## Hitting and Commute Times in Large Random Neighborhood Graphs

*Ulrike von Luxburg, Agnes Radl, Matthias Hein*; 15(May):1751−1798, 2014.

### Abstract

In machine learning, a popular tool to analyze the structure of
graphs is the hitting time and the commute distance (resistance
distance). For two vertices $u$ and $v$, the hitting time
$H_{uv}$ is the expected time it takes a random walk to travel
from $u$ to $v$. The commute distance is its symmetrized version
$C_{uv} = H_{uv} + H_{vu}$. In our paper we study the behavior
of hitting times and commute distances when the number $n$ of
vertices in the graph tends to infinity. We focus on random
geometric graphs ($\epsilon$-graphs, kNN graphs and Gaussian
similarity graphs), but our results also extend to graphs with a
given expected degree distribution or Erdos-Renyi graphs with
planted partitions.
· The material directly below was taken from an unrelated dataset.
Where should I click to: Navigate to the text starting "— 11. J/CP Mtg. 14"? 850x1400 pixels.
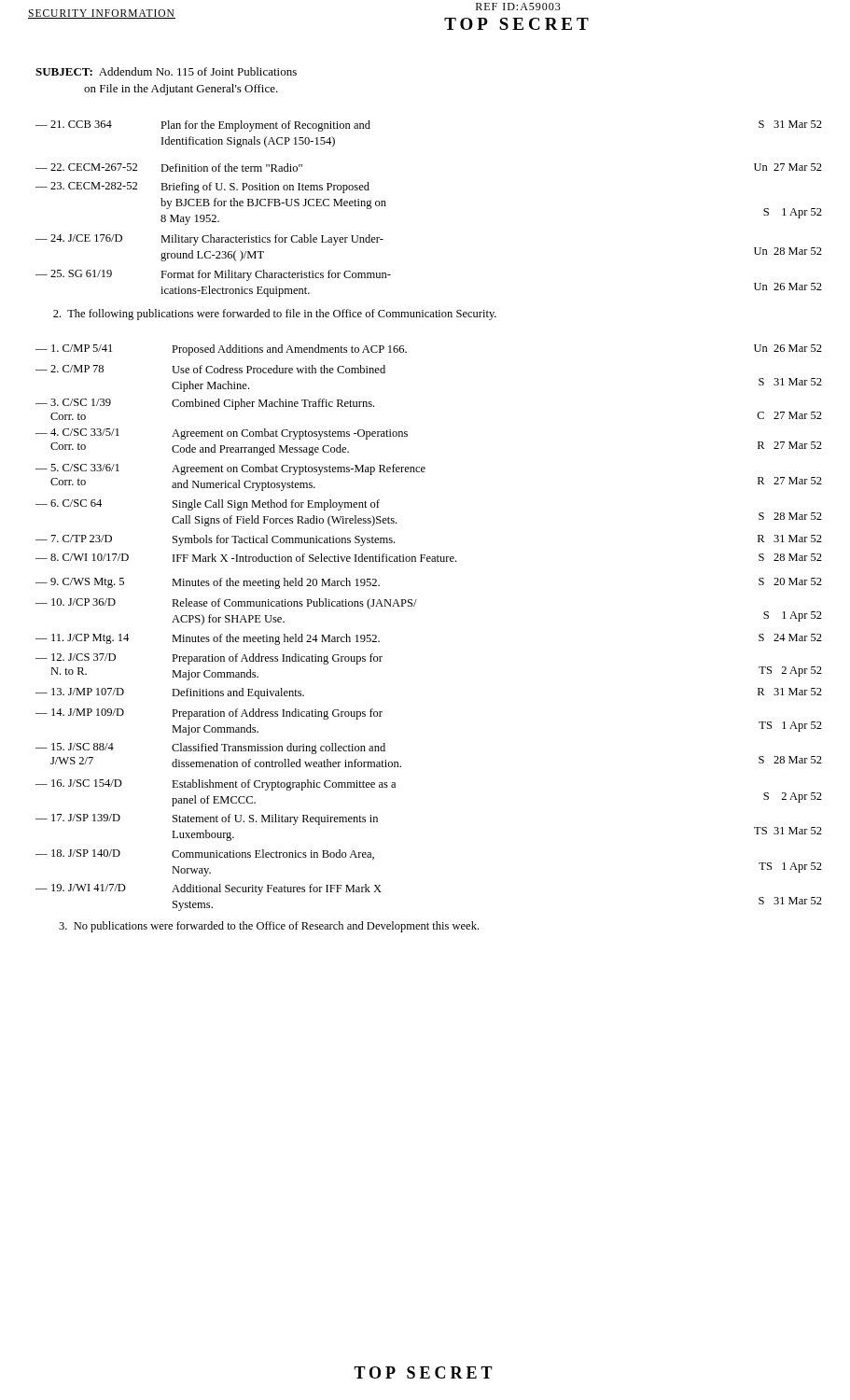tap(85, 639)

We prove that in these graph families, the
suitably rescaled hitting time $H_{uv}$ converges to $1/d_v$ and
the rescaled commute time to $1/d_u + 1/d_v$ where $d_u$ and
$d_v$ denote the degrees of vertices $u$ and $v$. In these
cases, hitting and commute times do not provide information
about the structure of the graph, and their use is discouraged
in many machine learning applications.